I fell for it hook, line and sinker. “I’d tie up a bouquet of tulips with a ribbon that matched their petals and lay them on some worn wooden boards rather than a vase.”

And just like that, he learned my favorite flower.

His very first IG post was a picture of tulips with a message meant for me, not his fans.

It didn’t stop there. He continued to finagle personal information out of me under the guise of wanting to learn the mechanics of engaging social media, and I fed him a ton of information.

His account turned into a not-so-subtle attempt to charm me into a date.

I take in another breath as Jett lowers his phone, resting it against his thigh.

Encased in a pair of amazingly well-fit jeans.

Shaking my head, I clear my throat and lift my chin to show my authority over him. “Mr. Olsson—”

“Jett—”

“Mr. Olsson,” I repeat. “Your IG account should reflect who you are as a person. It has to be genuine and it has to be true to yourself.”

“I am being true to myself,” he says, and I understand his message. He’s being relentless in his pursuit and that is who he is. He doesn’t take “no” for an answer very easily.

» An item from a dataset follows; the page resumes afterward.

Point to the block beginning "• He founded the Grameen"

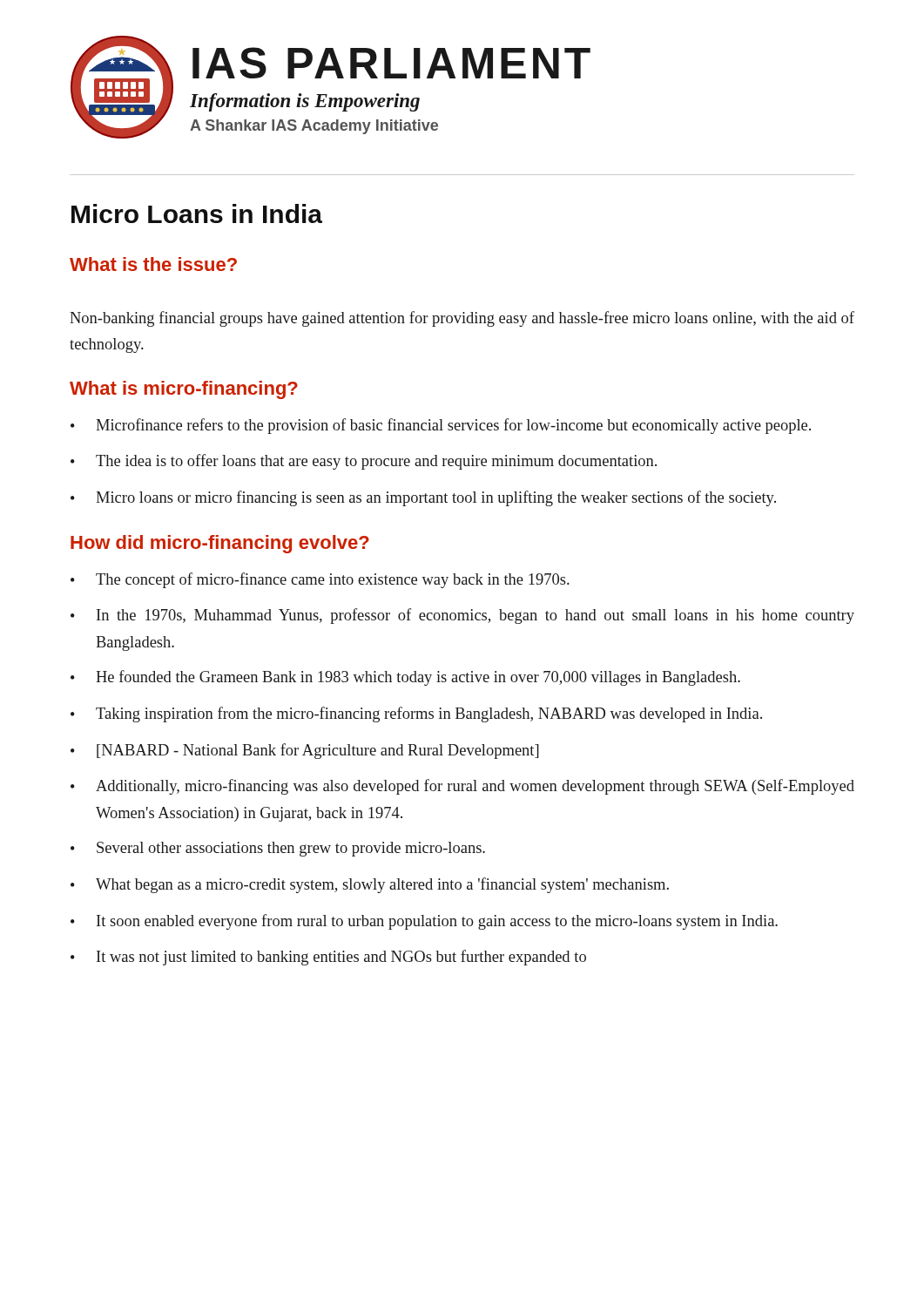[x=462, y=678]
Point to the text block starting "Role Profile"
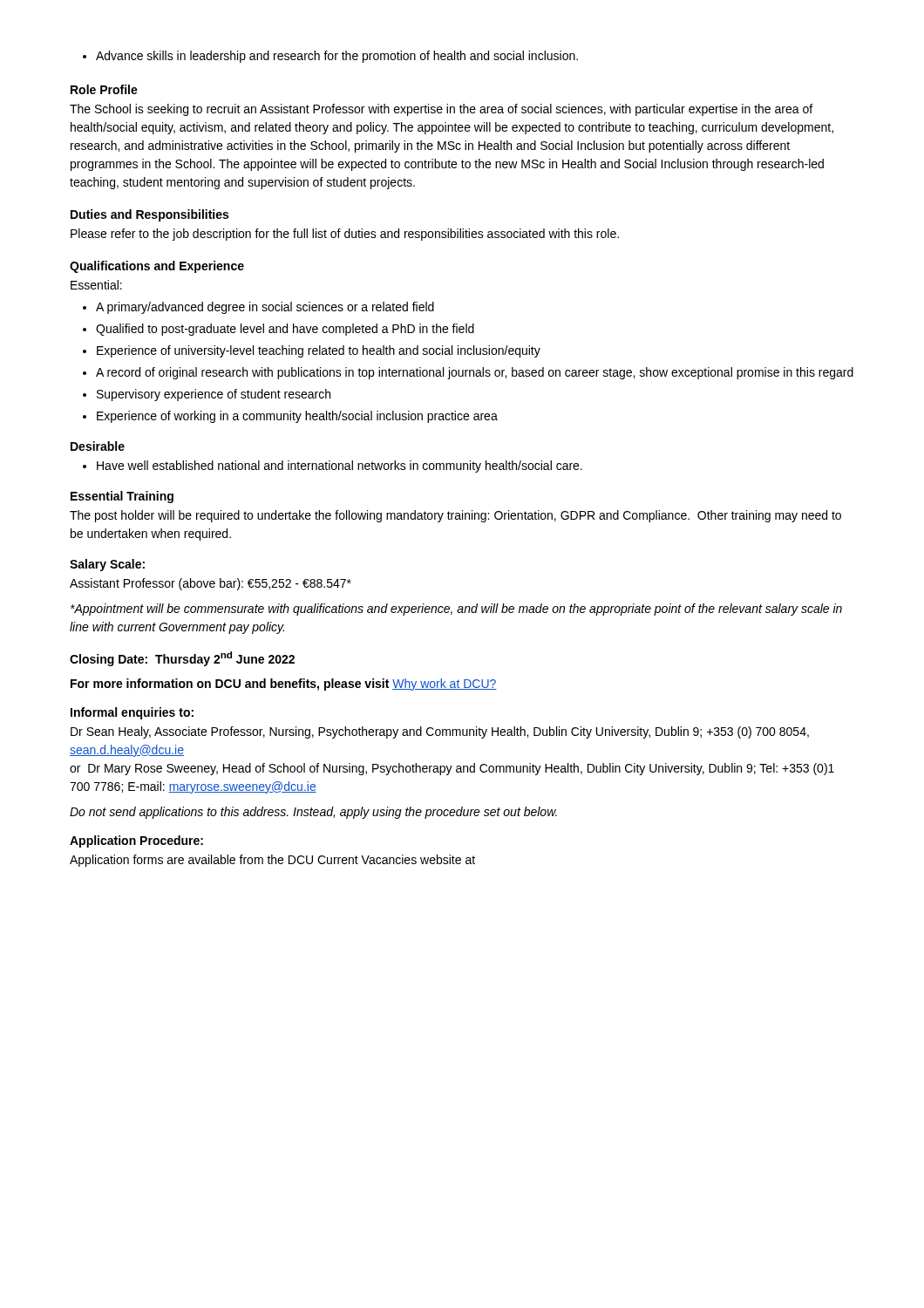The image size is (924, 1308). [104, 90]

“I am never going to go on a date with you,” I say firmly, deciding to just cut to the chase. “So if you will just accept that and start tailoring your account to reflect—”

“I’ll make a deal with you,” he interrupts me with a roguish grin, and I’m so caught off guard by the dimple I can see poking out through the scruff on his face, I don’t shut him down.

He takes my momentary silence as permission to proceed. “Let me take you out to dinner. You spend some more time helping me understand how to be genuine in my posts, where I promise to follow your instructions, and I will never ask you out on a date again.”

My eyes narrow. “You’re saying if we go out for a meal—really a business dinner—you’ll legitimately let me teach you how to use your social media and you’ll follow my instructions, then you won’t ever ask me out again?”

Jett nods with a resounding expression of determination. “That’s what I’m saying.”

“You promise you’ll leave me alone,” I press.

“On a personal basis, yes. On a professional basis, I imagine we still have to work together.”

I settle back in my chair a minute, letting my brain search for some sort of loophole.

Some means by which he’s tricking me.

I also remind myself I won’t let myself get charmed by him at this dinner, and that I am going to stick to my absolute policy of not only not dating co-workers, but not dating anyone for that matter.

I’m not interested at this point in my life.

It’s still a little too personal, so I make a counteroffer. “I’ll agree to dinner with you, solely in a business capacity to help you learn more about how to do your social media in an authentic way. But I’m paying for dinner.”

“Deal,” he says quickly.

Too quickly.

Did I miss a loophole?

“Tonight?” he queries hopefully. The Vengeance doesn’t have a game.

I shake my head. “I’m sorry, but I already have plans.”

Jett isn’t dissuaded. “Saturday night.”

I don’t have any reason to say no. My Saturday nights are relatively boring, and I’d just as soon get this over with.

“Fine,” I clip out. “But business only.”

“Business only,” he agrees.

 

 

CHAPTER 3

 


Jett


Coach Perron doesn’t believe in whistles while coaching. He has a booming voice he prefers to use if necessary, but mostly he just observes us while we do practice drills. The assistant coaches are more involved during practices and they carry out Perron’s coaching philosophies to perfection. If a comment is needed, Coach won’t hesitate to make it, but his most important words are usually reserved for strategy discussions while watching game film and pre-game pep talks.

But when he deems practice over—meaning we have sufficiently met his expectations for the day, he’ll call out, “That’s enough for today.”